Task to complete -> Which lines below mention "screen"? Pick each one out.

Dataset entries ->
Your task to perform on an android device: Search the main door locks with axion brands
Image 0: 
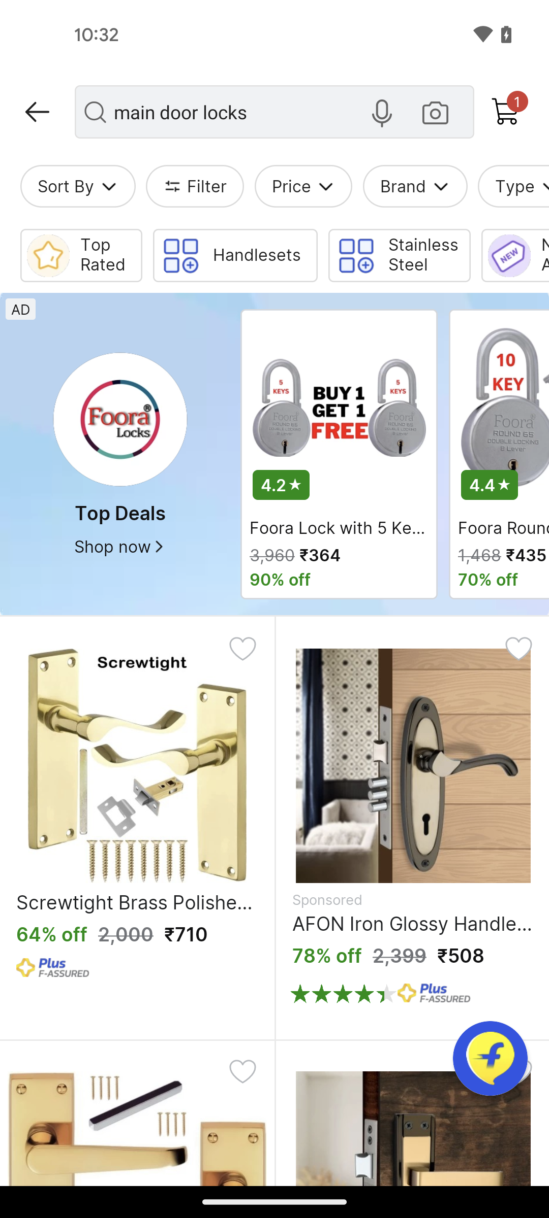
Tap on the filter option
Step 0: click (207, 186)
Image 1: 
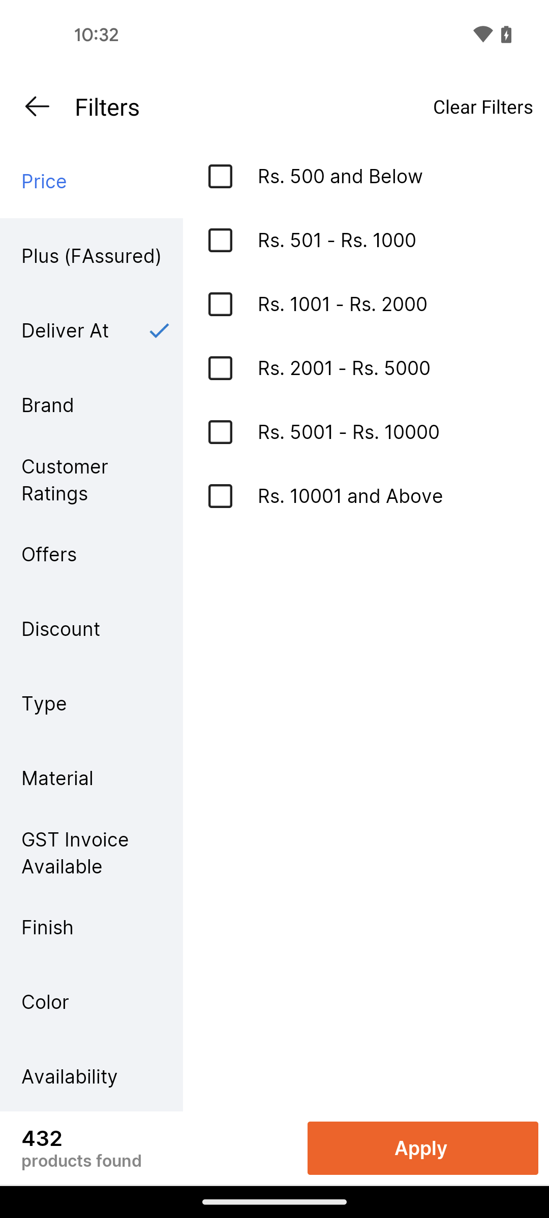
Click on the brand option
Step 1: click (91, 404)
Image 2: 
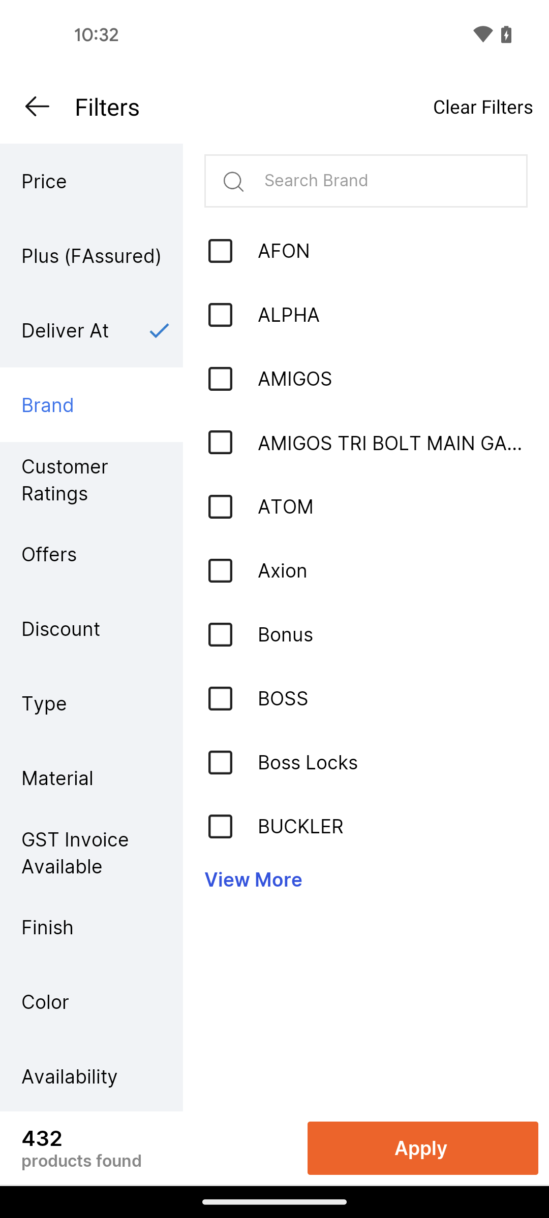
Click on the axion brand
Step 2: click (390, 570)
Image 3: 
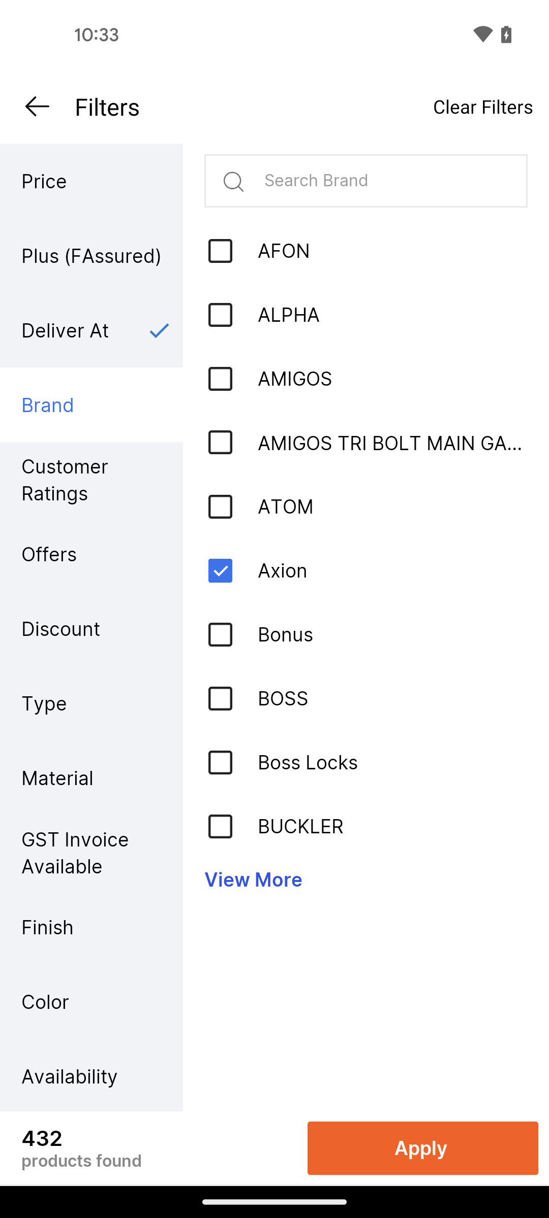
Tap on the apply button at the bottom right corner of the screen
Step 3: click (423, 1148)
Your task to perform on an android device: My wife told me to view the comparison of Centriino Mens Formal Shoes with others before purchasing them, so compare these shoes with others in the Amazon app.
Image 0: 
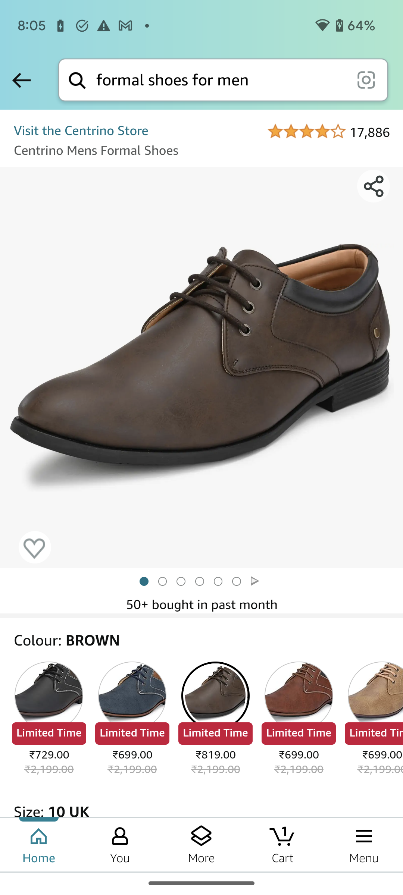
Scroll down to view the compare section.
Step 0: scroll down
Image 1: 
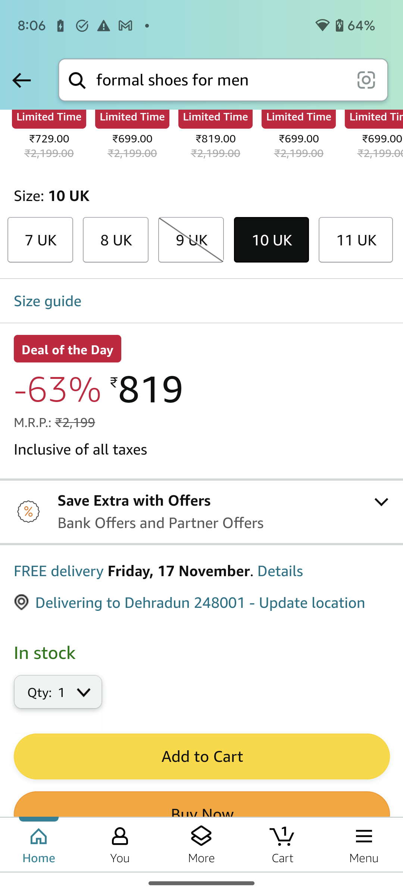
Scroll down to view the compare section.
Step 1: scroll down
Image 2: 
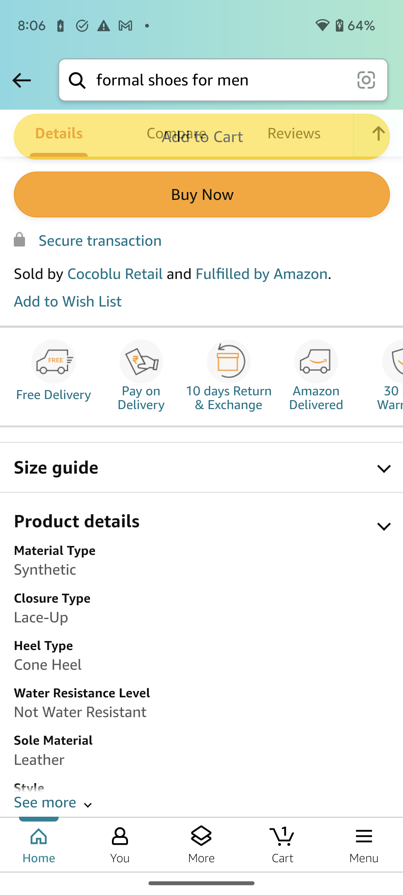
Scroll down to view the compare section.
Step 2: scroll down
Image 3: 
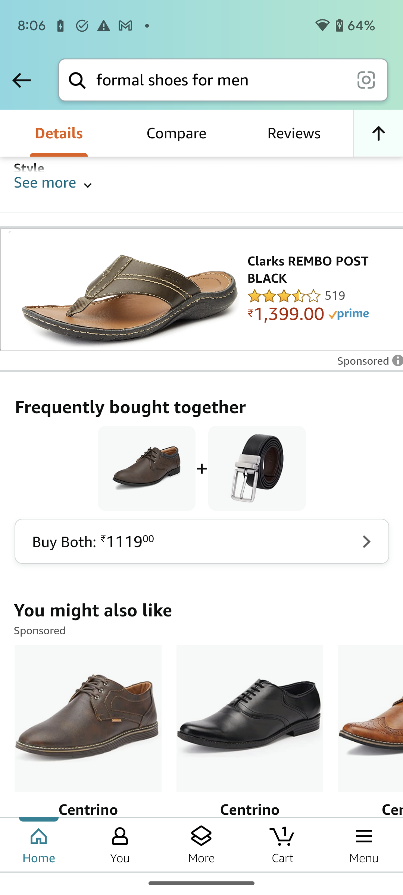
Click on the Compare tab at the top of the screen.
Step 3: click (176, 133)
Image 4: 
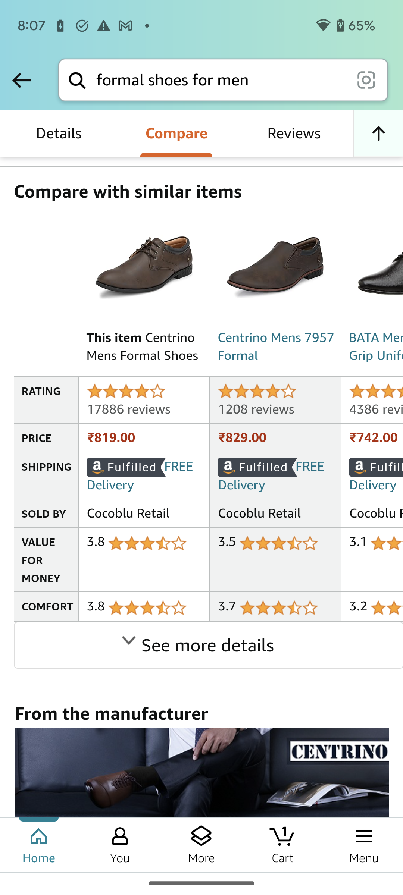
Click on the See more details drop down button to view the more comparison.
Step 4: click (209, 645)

Result of the task ->
Tap on the apply button at the bottom right corner of the screen
Click on the Compare tab at the top of the screen.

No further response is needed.